André Chapleau André Chapleau
Le cercle de l’art et de la vie

Pareille à un mandala, la vie est un cercle dont le centre abrite la part la plus secrète de soi. C’est dans ce cercle qu’on pourra se ressourcer, l’hiver venu, puisant au fond de soi dans les réserves d’énergie vitale résiduelle. Plus l’hiver progresse, plus profondément on doit s’engouffrer en son propre centre, à travers les cercles concentriques qui s’emboîtent, comme des poupées russes, les uns dans les autres. L’identité véritable est toute contenue dans cette dernière poupée, la plus petite de toutes, la seule qui ne soit pas vide... Tout le reste n’est que surfaces et superficies.

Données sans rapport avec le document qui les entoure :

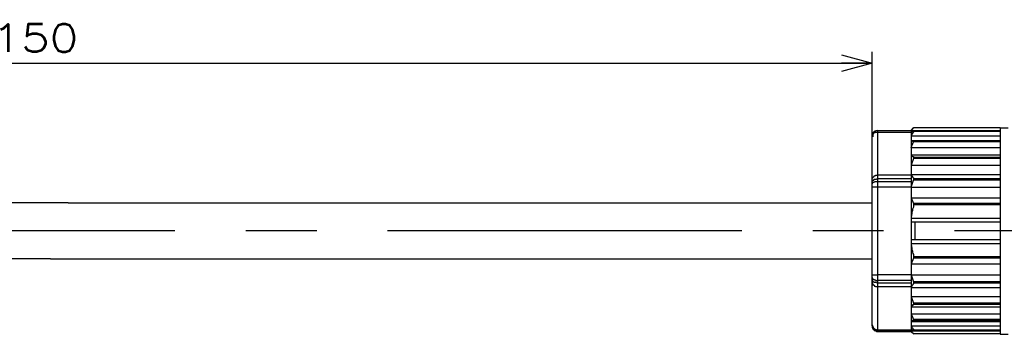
# Model space of a CAD drawing. Extents: x 0 to 277, y 0 to 190.
# Tile 3 of 5: x 137 to 225, y 102 to 130. Entities that reach past the tile are written whole.
import ezdxf

# ---------------------------------------------------------------- set-up
doc = ezdxf.new("R2010")
doc.units = 0
doc.linetypes.add('CENTER', pattern=[50.8, 31.75, -6.35, 6.35, -6.35])
doc.layers.get('0').update_dxf_attribs({"linetype": 'CONTINUOUS'})
doc.layers.get('DEFPOINTS').update_dxf_attribs({"linetype": 'CONTINUOUS'})
doc.layers.add('部品図', color=7, linetype='CONTINUOUS')
doc.styles.add('MX_DIMTXSTY_2', font='txt.sh', dxfattribs={"width": 1.2, "bigfont": 'extfont'})
doc.styles.add('MX_NOTE_STANDARD', font='txt.sh', dxfattribs={"bigfont": 'extfont'})
doc.dimstyles.new('MXDIMSTYLE', dxfattribs={"dimtxt": 2.5, "dimasz": 2.5, "dimexe": 1, "dimexo": 1, "dimgap": 1, "dimtad": 1, "dimdsep": 46, "dimtxsty": 'MX_NOTE_STANDARD', "dimblk1": 'OPEN30', "dimblk2": 'OPEN30', "dimsah": 1, "dimcen": 2.5, "dimadec": 0, "dimazin": 0, "dimtfac": 1, "dimtmove": 0, "dimatfit": 3, "dimldrblk": 'OPEN30', "dimfxl": 1, "dimtzin": 0, "dimarcsym": 0})

# ---------------------------------------------------------------- blocks, each defined once
blk = doc.blocks.new('_OPEN30')
at = {"color": 0, "linetype": 'ByBlock', "lineweight": -2}
for p, q in [((-1, 0.267949), (0, 0)), ((0, 0), (-1, -0.267949)), ((0, 0), (-1, 0))]:
    blk.add_line(p, q, dxfattribs=at)
blk = doc.blocks.new('*D1')
at = {"color": 22, "linetype": 'CONTINUOUS'}
for p, q in [((63.389466, 114.388038), (63.389466, 126.907443)), ((213.389466, 114.388038), (213.389466, 126.907443)), ((63.389466, 125.907443), (213.389466, 125.907443))]:
    blk.add_line(p, q, dxfattribs=at)
at = {"layer": 'DEFPOINTS', "color": 0, "linetype": 'CONTINUOUS'}
for p in [(213.389466, 125.907443), (63.389466, 113.388038), (213.389466, 113.388038)]:
    blk.add_point(p, dxfattribs=at)
at = {"color": 22, "linetype": 'CONTINUOUS', "xscale": 2.77, "yscale": 2.77, "zscale": 2.77, "rotation": 180}
blk.add_blockref('_OPEN30', (63.389466, 125.907443), dxfattribs=at)
at = {"color": 22, "linetype": 'CONTINUOUS', "xscale": 2.77, "yscale": 2.77, "zscale": 2.77}
blk.add_blockref('_OPEN30', (213.389466, 125.907443), dxfattribs=at)
at = {"color": 22, "linetype": 'CONTINUOUS', "insert": (138.389466, 128.157443), "char_height": 2.5, "attachment_point": 5, "line_spacing_factor": 0.72, "style": 'MX_DIMTXSTY_2'}
blk.add_mtext('\\A1;150', dxfattribs=at)

msp = doc.modelspace()

# ---------------------------------------------------------------- linework, layer by layer
at = {"layer": '部品図', "color": 7, "linetype": 'CONTINUOUS'}
for p, q in [((216.860796, 119.862684), (217.072466, 120.11669)), ((224.861792, 120.11669), (217.072466, 120.11669)), ((217.072466, 120.11669), (217.114796, 120.11669)), ((224.861792, 120.11669), (217.114796, 120.11669)), ((224.861792, 120.11669), (224.861792, 101.61702)), ((224.861792, 120.11669), (225.581467, 120.11669)), ((213.389466, 102.379037), (213.389466, 119.397015)), ((213.897466, 101.871026), (213.897466, 119.862684)), ((213.897466, 119.862684), (216.860796, 119.862684)), ((213.897466, 119.862684), (216.860796, 119.862684)), ((213.897466, 119.735681), (216.860796, 119.735681)), ((216.860796, 119.862684), (224.861792, 119.862684)), ((216.860796, 119.862684), (216.860796, 101.871026)), ((216.860796, 119.397015), (224.861792, 119.397015)), ((217.114796, 119.820366), (217.072466, 119.820366)), ((224.861792, 119.778024), (217.072466, 119.778024)), ((224.861792, 119.820366), (217.114796, 119.820366)), ((216.860796, 118.973688), (224.861792, 118.973688)), ((216.860796, 118.338698), (217.072466, 118.846685)), ((216.860796, 118.338698), (224.861792, 118.338698)), ((224.861792, 118.931346), (217.072466, 118.931346)), ((224.861792, 118.846685), (217.072466, 118.846685)), ((216.860796, 117.703708), (224.861792, 117.703708)), ((217.072466, 117.365017), (216.860796, 116.772369)), ((224.861792, 117.449678), (217.072466, 117.449678)), ((224.861792, 117.365017), (217.072466, 117.365017)), ((216.860796, 116.772369), (224.861792, 116.772369)), ((216.860796, 115.883349), (213.897466, 115.883349)), ((216.860796, 115.925691), (224.861792, 115.925691)), ((213.389466, 114.825007), (213.897466, 114.825007)), ((216.860796, 115.544707), (213.897466, 115.544707)), ((213.897466, 115.290677), (216.860796, 115.290677)), ((213.897466, 114.825007), (216.860796, 114.825007)), ((216.860796, 114.782689), (217.072466, 115.417679)), ((216.860796, 114.782689), (224.861792, 114.782689)), ((224.861792, 115.544707), (217.072466, 115.544707)), ((224.861792, 115.417679), (217.072466, 115.417679)), ((216.860796, 113.851351), (224.861792, 113.851351)), ((216.860796, 113.851351), (217.072466, 113.343339)), ((224.861792, 113.343339), (217.072466, 113.343339)), ((224.861792, 113.21636), (217.114796, 113.21636)), ((216.860796, 112.031016), (224.861792, 112.031016)), ((216.860796, 111.69235), (224.861792, 111.69235)), ((224.861792, 110.083678), (216.860796, 110.083678)), ((216.860796, 109.745036), (224.861792, 109.745036)), ((224.861792, 108.559692), (217.114796, 108.559692)), ((217.072466, 108.432689), (216.860796, 107.924678)), ((216.860796, 107.924678), (224.861792, 107.924678)), ((224.861792, 108.432689), (217.072466, 108.432689)), ((213.389466, 106.951021), (213.897466, 106.951021)), ((216.860796, 106.951021), (213.897466, 106.951021)), ((216.860796, 106.951021), (224.861792, 106.951021)), ((216.860796, 106.951021), (217.072466, 106.316031)), ((216.860796, 106.443009), (213.897466, 106.443009)), ((213.897466, 106.231346), (216.860796, 106.231346)), ((213.897466, 105.892679), (216.860796, 105.892679)), ((224.861792, 106.316031), (217.072466, 106.316031)), ((224.861792, 106.189028), (217.072466, 106.189028)), ((216.860796, 105.808019), (224.861792, 105.808019)), ((216.860796, 105.003708), (224.861792, 105.003708)), ((216.860796, 105.003708), (217.072466, 104.411035)), ((224.861792, 104.411035), (217.072466, 104.411035)), ((224.861792, 104.284008), (217.072466, 104.284008)), ((216.860796, 104.072369), (224.861792, 104.072369)), ((216.860796, 103.437355), (224.861792, 103.437355)), ((216.860796, 103.437355), (217.072466, 102.929367)), ((216.860796, 102.760022), (224.861792, 102.760022)), ((216.860796, 102.379037), (224.861792, 102.379037)), ((224.861792, 102.929367), (217.072466, 102.929367)), ((224.861792, 102.844707), (217.072466, 102.844707)), ((216.860796, 101.998029), (213.897466, 101.998029)), ((216.860796, 101.871026), (213.897466, 101.871026)), ((213.897466, 101.871026), (216.860796, 101.871026)), ((216.860796, 101.913368), (224.861792, 101.913368)), ((216.860796, 101.871026), (217.114796, 101.659338)), ((224.861792, 101.998029), (217.072466, 101.998029)), ((217.072466, 101.955686), (217.114796, 101.955686)), ((224.861792, 101.659338), (217.072466, 101.659338)), ((217.114796, 101.659338), (217.072466, 101.659338)), ((224.861792, 101.955686), (217.114796, 101.955686)), ((224.861792, 101.659338), (217.114796, 101.659338)), ((224.861792, 101.61702), (225.581467, 101.61702))]:
    msp.add_line(p, q, dxfattribs=at)
at = {"layer": '部品図', "color": 254, "linetype": 'CONTINUOUS'}
for p, q in [((141.339465, 113.388038), (63.389466, 113.388038)), ((141.339465, 113.388038), (213.389466, 113.388038)), ((213.389466, 108.388038), (213.389466, 113.388038)), ((139.759235, 108.388038), (63.389466, 108.388038)), ((139.759235, 108.388038), (213.389466, 108.388038))]:
    msp.add_line(p, q, dxfattribs=at)
at = {"layer": '部品図', "color": 7, "linetype": 'CENTER'}
msp.add_line((252.50569, 110.888038), (63.389466, 110.888038), dxfattribs=at)
at = {"layer": '部品図', "color": 7, "linetype": 'CONTINUOUS'}
for points in [[(217.072466, 120.11669), (217.072466, 120.074348), (217.030129, 120.074348), (216.987799, 120.03203), (216.987799, 119.989687), (216.945463, 119.947369), (216.903127, 119.905027), (216.903127, 119.862684), (216.860796, 119.862684)], [(213.389466, 119.397015), (213.389466, 119.56636), (213.431797, 119.56636), (213.431797, 119.693339), (213.474127, 119.693339), (213.516463, 119.735681), (213.558799, 119.735681), (213.558799, 119.820366), (213.643466, 119.820366), (213.685796, 119.862684), (213.897466, 119.862684)], [(213.389466, 119.397015), (213.389466, 119.4817), (213.431797, 119.4817), (213.431797, 119.56636), (213.474127, 119.56636), (213.474127, 119.608678), (213.516463, 119.608678), (213.516463, 119.651021), (213.558799, 119.651021), (213.558799, 119.693339), (213.643466, 119.693339), (213.685796, 119.735681), (213.897466, 119.735681)], [(213.897466, 119.862684), (213.822707, 119.856507), (213.751502, 119.838655), (213.684864, 119.81012), (213.623821, 119.771944), (213.569379, 119.725096), (213.522561, 119.670666), (213.484379, 119.609599), (213.455844, 119.542985), (213.437974, 119.471792), (213.431797, 119.397015)], [(213.431797, 119.397015), (213.431797, 119.385557), (213.431797, 119.376377), (213.431797, 119.369207), (213.431797, 119.363853), (213.431797, 119.360002), (213.431797, 119.35741), (213.431797, 119.355835), (213.431797, 119.355036), (213.431797, 119.354697), (213.431797, 119.343215), (213.431797, 119.334034), (213.431797, 119.326864), (213.431797, 119.321511), (213.431797, 119.317659), (213.431797, 119.315068), (213.431797, 119.313493), (213.431797, 119.312718), (213.431797, 119.312355)], [(216.860796, 119.735681), (216.945463, 119.735681), (216.987799, 119.778024), (217.030129, 119.820366), (217.072466, 119.820366)], [(217.072466, 119.778024), (217.072466, 119.735681), (217.030129, 119.693339), (217.030129, 119.651021), (216.987799, 119.608678), (216.987799, 119.56636), (216.945463, 119.56636), (216.945463, 119.4817), (216.903127, 119.4817), (216.903127, 119.439357), (216.860796, 119.397015)], [(217.072466, 119.778024), (217.114796, 119.778024), (217.114796, 119.820366)], [(216.860796, 118.973688), (216.945463, 118.973688), (216.987799, 118.931346), (217.072466, 118.931346)], [(217.072466, 118.846685), (217.114796, 118.846685), (217.114796, 118.931346), (217.072466, 118.931346)], [(216.860796, 117.703708), (216.903127, 117.661365), (216.945463, 117.661365), (216.945463, 117.57668), (216.987799, 117.57668), (216.987799, 117.534338), (217.072466, 117.534338), (217.072466, 117.449678)], [(217.072466, 117.365017), (217.114796, 117.365017), (217.114796, 117.449678), (217.072466, 117.449678)], [(213.389466, 115.460022), (213.389466, 115.629367), (213.431797, 115.629367), (213.431797, 115.671685), (213.474127, 115.671685), (213.474127, 115.714028), (213.516463, 115.714028), (213.516463, 115.756346), (213.558799, 115.756346), (213.558799, 115.798688), (213.643466, 115.798688), (213.643466, 115.841031), (213.685796, 115.841031), (213.685796, 115.883349), (213.897466, 115.883349)], [(216.860796, 115.925691), (216.903127, 115.925691), (216.903127, 115.883349), (216.945463, 115.883349), (216.945463, 115.798688), (216.987799, 115.756346), (216.987799, 115.714028), (217.030129, 115.671685), (217.072466, 115.629367), (217.072466, 115.544707)], [(213.389466, 115.290677), (213.389466, 115.375361), (213.431797, 115.375361), (213.431797, 115.417679)], [(213.389466, 115.079037), (213.389466, 115.163698), (213.431797, 115.163698), (213.431797, 115.206016), (213.474127, 115.206016), (213.474127, 115.248358), (213.558799, 115.248358), (213.60113, 115.290677), (213.897466, 115.290677)], [(213.431797, 115.417679), (213.516463, 115.417679), (213.516463, 115.460022), (213.558799, 115.460022), (213.558799, 115.50234), (213.770463, 115.50234), (213.770463, 115.544707), (213.897466, 115.544707)], [(217.072466, 115.417679), (217.114796, 115.417679), (217.114796, 115.544707), (217.072466, 115.544707)], [(217.114796, 113.21636), (217.072466, 113.21636), (217.072466, 113.004697), (217.030129, 112.87767), (216.987799, 112.835352), (216.987799, 112.708349), (216.945463, 112.623688), (216.945463, 112.412025), (216.903127, 112.32734), (216.903127, 112.242679), (216.860796, 112.115677), (216.860796, 112.031016)], [(217.114796, 113.21636), (217.114796, 113.343339), (217.072466, 113.343339)], [(217.199469, 111.69235), (217.199469, 111.616095), (217.199469, 111.539622), (217.199469, 111.462616), (217.199469, 111.384859), (217.199469, 111.30606), (217.199469, 111.226002), (217.199469, 111.144418), (217.199469, 111.06109), (217.199469, 110.975703), (217.199469, 110.888038), (217.199469, 110.810645), (217.199469, 110.731216), (217.199469, 110.650262), (217.199469, 110.568315), (217.199469, 110.485858), (217.199469, 110.403378), (217.199469, 110.32143), (217.199469, 110.2405), (217.199469, 110.161072), (217.199469, 110.083678)], [(216.860796, 109.745036), (216.860796, 109.618009), (216.903127, 109.533349), (216.903127, 109.448688), (216.945463, 109.364028), (216.945463, 109.15234), (216.987799, 109.067679), (216.987799, 108.983019), (217.030129, 108.856016), (217.072466, 108.771355), (217.072466, 108.559692), (217.114796, 108.559692)], [(217.072466, 108.432689), (217.114796, 108.432689), (217.114796, 108.559692)], [(213.389466, 106.697015), (213.389466, 106.612355), (213.431797, 106.612355), (213.431797, 106.570036), (213.474127, 106.570036), (213.516463, 106.527694), (213.558799, 106.527694), (213.60113, 106.485352), (213.685796, 106.485352), (213.685796, 106.443009), (213.897466, 106.443009)], [(213.389466, 106.485352), (213.389466, 106.400691), (213.431797, 106.400691)], [(213.389466, 106.316031), (213.389466, 106.189028), (213.431797, 106.146685), (213.431797, 106.062025), (213.516463, 106.062025), (213.516463, 106.019707), (213.558799, 106.019707), (213.558799, 105.97734), (213.60113, 105.935022), (213.685796, 105.935022), (213.685796, 105.892679), (213.897466, 105.892679)], [(213.431797, 106.400691), (213.431797, 106.358349), (213.474127, 106.358349), (213.474127, 106.316031), (213.558799, 106.316031), (213.558799, 106.273688), (213.770463, 106.273688), (213.812799, 106.231346), (213.897466, 106.231346)], [(217.072466, 106.189028), (217.072466, 106.146685), (217.030129, 106.104367), (217.030129, 106.062025), (216.987799, 106.062025), (216.987799, 106.019707), (216.945463, 105.97734), (216.945463, 105.935022), (216.903127, 105.892679), (216.903127, 105.850361), (216.860796, 105.808019)], [(217.072466, 106.189028), (217.114796, 106.189028), (217.114796, 106.316031), (217.072466, 106.316031)], [(217.072466, 104.284008), (217.030129, 104.24169), (216.987799, 104.24169), (216.987799, 104.15703), (216.945463, 104.15703), (216.945463, 104.114687), (216.903127, 104.114687), (216.860796, 104.072369)], [(217.072466, 104.284008), (217.114796, 104.284008), (217.114796, 104.411035), (217.072466, 104.411035)], [(213.389466, 102.463698), (213.389466, 102.294377), (213.431797, 102.294377), (213.431797, 102.209692), (213.474127, 102.209692), (213.516463, 102.16735), (213.516463, 102.125007), (213.558799, 102.125007), (213.558799, 102.082689), (213.643466, 102.082689), (213.685796, 102.040347), (213.770463, 102.040347), (213.770463, 101.998029), (213.897466, 101.998029)], [(213.389466, 102.379037), (213.389466, 102.209692), (213.431797, 102.209692), (213.431797, 102.082689), (213.516463, 102.082689), (213.516463, 101.998029), (213.558799, 101.998029), (213.558799, 101.955686), (213.685796, 101.955686), (213.685796, 101.913368), (213.728127, 101.913368), (213.770463, 101.871026), (213.897466, 101.871026)], [(213.431797, 102.379037), (213.437974, 102.305447), (213.455844, 102.237452), (213.484379, 102.175586), (213.522561, 102.120284), (213.569379, 102.072104), (213.623821, 102.031554), (213.684864, 101.999119), (213.751502, 101.975331), (213.822707, 101.960676), (213.897466, 101.955686)], [(217.072466, 102.844707), (216.987799, 102.844707), (216.945463, 102.80234), (216.903127, 102.760022), (216.860796, 102.760022)], [(216.860796, 102.379037), (216.903127, 102.336695), (216.903127, 102.294377), (216.945463, 102.294377), (216.945463, 102.209692), (216.987799, 102.209692), (216.987799, 102.125007), (217.030129, 102.125007), (217.072466, 102.082689), (217.072466, 101.998029)], [(217.072466, 102.844707), (217.114796, 102.844707), (217.114796, 102.929367), (217.072466, 102.929367)], [(217.072466, 101.955686), (217.030129, 101.998029), (216.903127, 101.998029), (216.903127, 102.040347), (216.860796, 102.040347)], [(216.860796, 101.913368), (216.903127, 101.871026), (216.945463, 101.828708), (216.945463, 101.786365), (216.987799, 101.786365), (216.987799, 101.744023), (217.030129, 101.744023), (217.072466, 101.70168), (217.072466, 101.659338)], [(217.114796, 101.955686), (217.114796, 101.998029), (217.072466, 101.998029)]]:
    msp.add_lwpolyline(points, dxfattribs=at)

# ---------------------------------------------------------------- dimensions: what is measured, and where the dimension line sits
at = {"layer": '部品図', "color": 22, "linetype": 'CONTINUOUS'}
dim = msp.add_linear_dim(base=(213.389466, 125.907443), p1=(63.389466, 113.388038), p2=(213.389466, 113.388038), text='\\A1;<>', dimstyle='MXDIMSTYLE', override={"dimasz": 2.77, "dimtxsty": 'MX_DIMTXSTY_2', "dimtzin": 8}, dxfattribs=at)
dim.commit()
dim.dimension.update_dxf_attribs({"geometry": '*D1', "text_midpoint": (138.389466, 125.907443), "dimtype": 128})

doc.saveas('drawing.dxf')

L’hiver nous apprend que la vie commence en soi avant de se répandre vers l’extérieur. L’art est semblable à cette vie qui s’ébauche au milieu de soi avant de se manifester hors de soi. Cette dualité donne ainsi naissance aux deux aspects de l’art que sont la démarche et l’œuvre.

L’Œuvre par excellence est celle de la nature, de laquelle découlent toutes formes de création. L’artiste est en quelque sorte un imitateur de la nature qui, en grande prêtresse, ajoute à chaque printemps vie et couleurs au monde. On peut même dire que la nature représente l’ultime work-in-progress : toujours à la fois semblable et différente, son œuvre se modifie avec le temps, mûrit, s’épanouit, puis se disloque jusqu’à se dissiper complètement.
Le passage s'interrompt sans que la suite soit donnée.